Examples of how policing has improved in relation to women, particularly victims of sex assaults and domestic abuse, were brought to the attention of the club as they marked their fortieth anniversary.
Guest speaker Assistant Chief Constable Laura Nicholson, the only woman of her rank in Hampshire Constabulary, said that policing “is essentially about keeping people safe.”
They had made significant progress in the way they dealt with women but, in her view, they could always do better.
She recalled having to deal with her first rape and domestic abuse cases, in the late eighties, when it became clear how little support there was for women victims and how little training there was for police officers dealing with such incidents.

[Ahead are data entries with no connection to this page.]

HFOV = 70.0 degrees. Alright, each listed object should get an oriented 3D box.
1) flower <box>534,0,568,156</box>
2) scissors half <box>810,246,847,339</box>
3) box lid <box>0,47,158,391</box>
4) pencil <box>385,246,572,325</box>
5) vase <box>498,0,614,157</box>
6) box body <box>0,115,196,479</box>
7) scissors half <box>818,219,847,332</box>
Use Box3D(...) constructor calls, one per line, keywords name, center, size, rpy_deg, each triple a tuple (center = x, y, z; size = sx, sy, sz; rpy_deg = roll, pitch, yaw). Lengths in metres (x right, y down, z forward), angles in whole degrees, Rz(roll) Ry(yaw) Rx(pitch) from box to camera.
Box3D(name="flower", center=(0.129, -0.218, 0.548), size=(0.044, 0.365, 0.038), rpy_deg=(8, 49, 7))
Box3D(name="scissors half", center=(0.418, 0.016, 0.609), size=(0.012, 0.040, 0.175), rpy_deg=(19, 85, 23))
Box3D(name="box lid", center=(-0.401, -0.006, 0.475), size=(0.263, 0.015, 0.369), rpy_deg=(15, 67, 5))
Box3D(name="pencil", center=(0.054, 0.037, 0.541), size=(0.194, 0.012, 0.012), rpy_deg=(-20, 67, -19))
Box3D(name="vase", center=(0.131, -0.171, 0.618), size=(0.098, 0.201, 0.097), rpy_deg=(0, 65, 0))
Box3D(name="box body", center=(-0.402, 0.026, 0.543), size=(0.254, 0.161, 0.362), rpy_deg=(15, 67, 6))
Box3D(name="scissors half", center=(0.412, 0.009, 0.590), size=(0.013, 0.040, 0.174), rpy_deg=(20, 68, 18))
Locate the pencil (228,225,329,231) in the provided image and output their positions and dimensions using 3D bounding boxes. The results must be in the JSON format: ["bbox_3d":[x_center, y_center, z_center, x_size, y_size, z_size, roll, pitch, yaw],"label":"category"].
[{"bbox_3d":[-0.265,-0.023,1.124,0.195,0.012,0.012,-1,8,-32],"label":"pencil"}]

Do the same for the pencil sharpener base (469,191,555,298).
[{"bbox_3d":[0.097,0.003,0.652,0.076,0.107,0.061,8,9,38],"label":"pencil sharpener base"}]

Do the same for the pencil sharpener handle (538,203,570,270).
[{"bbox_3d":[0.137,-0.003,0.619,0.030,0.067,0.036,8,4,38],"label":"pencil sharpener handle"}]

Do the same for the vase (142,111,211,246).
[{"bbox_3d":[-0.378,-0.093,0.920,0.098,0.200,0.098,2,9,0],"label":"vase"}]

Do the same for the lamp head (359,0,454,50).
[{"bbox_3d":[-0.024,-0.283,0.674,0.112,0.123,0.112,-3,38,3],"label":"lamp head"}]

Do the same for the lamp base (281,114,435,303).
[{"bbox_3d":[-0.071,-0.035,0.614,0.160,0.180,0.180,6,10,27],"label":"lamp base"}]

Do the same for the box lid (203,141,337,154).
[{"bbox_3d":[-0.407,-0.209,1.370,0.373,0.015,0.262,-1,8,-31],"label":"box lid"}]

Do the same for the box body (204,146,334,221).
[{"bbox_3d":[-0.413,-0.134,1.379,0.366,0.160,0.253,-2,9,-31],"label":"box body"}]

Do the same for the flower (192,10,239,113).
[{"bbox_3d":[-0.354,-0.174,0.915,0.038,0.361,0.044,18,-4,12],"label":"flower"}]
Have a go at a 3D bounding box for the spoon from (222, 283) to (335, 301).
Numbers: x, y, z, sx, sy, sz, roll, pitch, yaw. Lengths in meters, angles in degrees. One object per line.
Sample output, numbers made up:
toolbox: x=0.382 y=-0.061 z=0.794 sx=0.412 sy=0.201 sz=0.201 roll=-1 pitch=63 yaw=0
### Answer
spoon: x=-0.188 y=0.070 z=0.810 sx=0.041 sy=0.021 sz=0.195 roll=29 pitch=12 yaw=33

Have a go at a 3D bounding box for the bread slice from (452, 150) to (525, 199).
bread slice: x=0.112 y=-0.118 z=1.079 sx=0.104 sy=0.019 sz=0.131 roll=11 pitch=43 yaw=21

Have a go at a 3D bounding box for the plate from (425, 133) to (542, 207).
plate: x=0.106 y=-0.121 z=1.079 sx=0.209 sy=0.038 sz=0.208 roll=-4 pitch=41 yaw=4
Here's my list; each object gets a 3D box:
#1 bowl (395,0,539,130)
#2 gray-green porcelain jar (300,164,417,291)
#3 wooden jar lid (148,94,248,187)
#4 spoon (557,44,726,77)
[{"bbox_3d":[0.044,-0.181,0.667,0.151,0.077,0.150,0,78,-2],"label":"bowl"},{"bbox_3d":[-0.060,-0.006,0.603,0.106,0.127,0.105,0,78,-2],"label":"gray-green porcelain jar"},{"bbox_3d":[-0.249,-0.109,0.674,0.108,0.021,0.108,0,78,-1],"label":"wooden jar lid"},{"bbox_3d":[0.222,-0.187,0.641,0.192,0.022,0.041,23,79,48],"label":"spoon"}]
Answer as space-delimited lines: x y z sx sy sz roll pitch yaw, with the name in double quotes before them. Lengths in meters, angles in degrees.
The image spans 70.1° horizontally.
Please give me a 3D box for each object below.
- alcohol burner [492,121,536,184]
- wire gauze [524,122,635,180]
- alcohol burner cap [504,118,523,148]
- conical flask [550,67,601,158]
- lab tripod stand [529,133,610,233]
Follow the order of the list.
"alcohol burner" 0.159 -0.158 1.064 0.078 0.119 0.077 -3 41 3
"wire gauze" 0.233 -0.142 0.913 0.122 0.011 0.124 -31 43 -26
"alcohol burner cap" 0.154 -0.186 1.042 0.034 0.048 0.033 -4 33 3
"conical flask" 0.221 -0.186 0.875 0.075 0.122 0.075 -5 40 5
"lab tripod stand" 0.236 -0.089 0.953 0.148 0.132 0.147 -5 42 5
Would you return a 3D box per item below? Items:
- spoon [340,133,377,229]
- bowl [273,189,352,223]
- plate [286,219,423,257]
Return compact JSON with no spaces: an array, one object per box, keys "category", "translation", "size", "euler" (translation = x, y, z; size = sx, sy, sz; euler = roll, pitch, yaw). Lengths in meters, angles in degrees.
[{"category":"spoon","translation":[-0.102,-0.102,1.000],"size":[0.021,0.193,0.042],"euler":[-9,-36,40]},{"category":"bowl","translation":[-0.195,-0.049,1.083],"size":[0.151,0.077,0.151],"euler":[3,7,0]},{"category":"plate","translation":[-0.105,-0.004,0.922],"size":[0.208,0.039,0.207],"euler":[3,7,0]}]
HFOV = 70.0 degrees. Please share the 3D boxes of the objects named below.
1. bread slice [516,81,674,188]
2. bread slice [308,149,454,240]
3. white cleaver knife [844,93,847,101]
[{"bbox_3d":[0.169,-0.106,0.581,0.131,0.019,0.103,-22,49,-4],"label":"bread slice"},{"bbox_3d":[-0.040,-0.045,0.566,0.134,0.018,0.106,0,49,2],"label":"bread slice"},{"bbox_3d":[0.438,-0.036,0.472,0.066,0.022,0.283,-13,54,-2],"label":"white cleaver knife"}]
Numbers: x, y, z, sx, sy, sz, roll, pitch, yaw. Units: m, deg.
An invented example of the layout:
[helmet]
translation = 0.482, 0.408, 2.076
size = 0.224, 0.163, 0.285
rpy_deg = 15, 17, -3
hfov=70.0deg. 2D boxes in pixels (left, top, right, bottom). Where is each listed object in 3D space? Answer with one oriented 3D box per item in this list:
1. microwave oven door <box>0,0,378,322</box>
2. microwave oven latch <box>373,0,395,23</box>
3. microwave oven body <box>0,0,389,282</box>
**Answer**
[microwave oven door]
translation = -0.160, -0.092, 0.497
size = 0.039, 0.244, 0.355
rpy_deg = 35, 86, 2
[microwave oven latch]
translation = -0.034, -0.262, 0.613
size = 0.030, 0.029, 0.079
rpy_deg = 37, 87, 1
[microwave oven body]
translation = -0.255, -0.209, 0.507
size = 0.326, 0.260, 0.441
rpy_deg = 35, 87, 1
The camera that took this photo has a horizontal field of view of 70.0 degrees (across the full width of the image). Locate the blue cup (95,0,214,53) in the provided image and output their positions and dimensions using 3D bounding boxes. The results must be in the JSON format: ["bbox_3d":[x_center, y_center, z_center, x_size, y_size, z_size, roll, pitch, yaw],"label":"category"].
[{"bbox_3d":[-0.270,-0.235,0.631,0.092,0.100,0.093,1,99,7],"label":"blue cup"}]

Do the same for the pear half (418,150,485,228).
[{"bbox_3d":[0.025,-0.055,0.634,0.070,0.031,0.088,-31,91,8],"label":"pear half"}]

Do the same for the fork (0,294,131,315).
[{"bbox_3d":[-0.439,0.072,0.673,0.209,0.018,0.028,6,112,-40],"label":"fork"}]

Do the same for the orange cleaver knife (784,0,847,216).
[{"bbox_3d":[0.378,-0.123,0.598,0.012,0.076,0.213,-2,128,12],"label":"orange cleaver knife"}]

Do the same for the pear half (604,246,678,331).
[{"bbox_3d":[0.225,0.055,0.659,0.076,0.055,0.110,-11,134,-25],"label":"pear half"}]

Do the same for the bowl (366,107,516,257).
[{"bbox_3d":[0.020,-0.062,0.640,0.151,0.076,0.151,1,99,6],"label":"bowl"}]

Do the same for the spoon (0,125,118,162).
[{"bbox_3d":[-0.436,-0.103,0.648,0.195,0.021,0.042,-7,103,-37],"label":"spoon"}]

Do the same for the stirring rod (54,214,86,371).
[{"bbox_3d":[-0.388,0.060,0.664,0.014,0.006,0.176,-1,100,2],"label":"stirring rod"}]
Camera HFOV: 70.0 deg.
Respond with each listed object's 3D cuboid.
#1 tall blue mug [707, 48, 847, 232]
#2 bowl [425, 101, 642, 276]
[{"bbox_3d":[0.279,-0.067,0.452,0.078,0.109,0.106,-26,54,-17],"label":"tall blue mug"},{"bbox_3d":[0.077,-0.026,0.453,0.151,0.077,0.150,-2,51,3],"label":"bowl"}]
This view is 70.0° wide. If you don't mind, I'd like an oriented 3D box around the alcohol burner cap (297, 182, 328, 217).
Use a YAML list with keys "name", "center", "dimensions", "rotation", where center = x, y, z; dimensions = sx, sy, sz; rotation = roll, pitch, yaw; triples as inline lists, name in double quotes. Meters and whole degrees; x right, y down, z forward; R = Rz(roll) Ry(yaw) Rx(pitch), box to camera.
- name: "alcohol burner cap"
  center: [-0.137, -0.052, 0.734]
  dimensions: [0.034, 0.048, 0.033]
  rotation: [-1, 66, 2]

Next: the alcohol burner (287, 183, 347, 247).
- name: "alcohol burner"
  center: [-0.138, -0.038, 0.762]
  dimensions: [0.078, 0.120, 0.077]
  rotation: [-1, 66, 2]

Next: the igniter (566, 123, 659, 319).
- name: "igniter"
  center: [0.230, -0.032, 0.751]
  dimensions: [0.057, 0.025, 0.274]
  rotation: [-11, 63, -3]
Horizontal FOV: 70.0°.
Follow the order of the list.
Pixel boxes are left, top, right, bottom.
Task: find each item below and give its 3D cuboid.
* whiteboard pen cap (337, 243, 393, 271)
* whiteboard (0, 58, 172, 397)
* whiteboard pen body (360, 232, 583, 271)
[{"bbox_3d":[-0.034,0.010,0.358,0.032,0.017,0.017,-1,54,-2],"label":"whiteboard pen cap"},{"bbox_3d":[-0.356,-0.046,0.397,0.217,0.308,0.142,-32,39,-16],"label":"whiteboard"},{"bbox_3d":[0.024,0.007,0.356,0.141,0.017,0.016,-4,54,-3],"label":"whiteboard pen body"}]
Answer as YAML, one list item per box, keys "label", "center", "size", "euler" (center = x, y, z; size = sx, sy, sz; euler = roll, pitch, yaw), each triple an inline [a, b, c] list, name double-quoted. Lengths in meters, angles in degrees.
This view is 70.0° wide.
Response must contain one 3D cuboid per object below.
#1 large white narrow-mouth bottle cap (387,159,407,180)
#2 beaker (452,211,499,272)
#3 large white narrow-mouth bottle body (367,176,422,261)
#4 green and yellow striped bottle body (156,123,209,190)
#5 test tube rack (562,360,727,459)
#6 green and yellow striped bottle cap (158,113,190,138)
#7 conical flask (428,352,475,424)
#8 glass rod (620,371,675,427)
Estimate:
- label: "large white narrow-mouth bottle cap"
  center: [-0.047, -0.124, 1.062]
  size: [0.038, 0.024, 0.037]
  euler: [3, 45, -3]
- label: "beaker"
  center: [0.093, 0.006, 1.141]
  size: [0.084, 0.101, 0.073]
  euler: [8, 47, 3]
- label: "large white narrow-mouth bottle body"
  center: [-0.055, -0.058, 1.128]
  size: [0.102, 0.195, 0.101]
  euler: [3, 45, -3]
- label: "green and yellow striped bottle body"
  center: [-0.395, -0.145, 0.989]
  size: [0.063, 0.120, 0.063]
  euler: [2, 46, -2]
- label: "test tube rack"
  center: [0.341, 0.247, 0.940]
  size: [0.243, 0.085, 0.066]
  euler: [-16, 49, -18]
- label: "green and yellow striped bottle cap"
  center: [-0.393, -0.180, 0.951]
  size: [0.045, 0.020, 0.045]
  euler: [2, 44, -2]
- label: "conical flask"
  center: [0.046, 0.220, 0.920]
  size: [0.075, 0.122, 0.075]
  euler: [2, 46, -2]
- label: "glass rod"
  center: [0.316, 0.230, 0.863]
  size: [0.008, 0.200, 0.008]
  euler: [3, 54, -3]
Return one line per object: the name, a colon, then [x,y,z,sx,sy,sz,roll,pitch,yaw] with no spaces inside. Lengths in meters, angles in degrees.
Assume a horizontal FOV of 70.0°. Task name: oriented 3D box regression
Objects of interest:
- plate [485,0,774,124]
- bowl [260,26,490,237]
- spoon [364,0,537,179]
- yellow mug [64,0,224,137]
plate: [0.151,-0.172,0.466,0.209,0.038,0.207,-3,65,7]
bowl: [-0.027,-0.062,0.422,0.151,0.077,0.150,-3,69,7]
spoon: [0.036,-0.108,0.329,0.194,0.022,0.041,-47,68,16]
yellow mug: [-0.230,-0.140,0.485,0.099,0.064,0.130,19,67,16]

“Today Hampshire has a stand-alone group that deals with rape and sex assaults and offers support for victims.”
She talked of the impressive variety of posts she had held since joining the Metropolitan Police in 1987, ranging from her early years in ethnically diverse Southall in West London to working with the country’s most senior police officers commissioners Sir Ian, now Lord, Blair and with Sir Paul Stephenson at particularly challenging periods for the Met – when inquiries were being held into the deaths of Stephen Lawrence and Jean Charles de Menezes.
ACC Nicholson said she would be leaving Hampshire this summer to work in counter terrorism and organised crime.
Other speakers at the event were Councillor Susan Bayford, mayor of Fareham, and Penny Bartlett, regional president of Southern England Soroptimists.
All three speakers complimented the club on their achievements over four decades.
Soroptimists attended from a number of other clubs in the region including Southampton, Chichester, Winchester and Woking.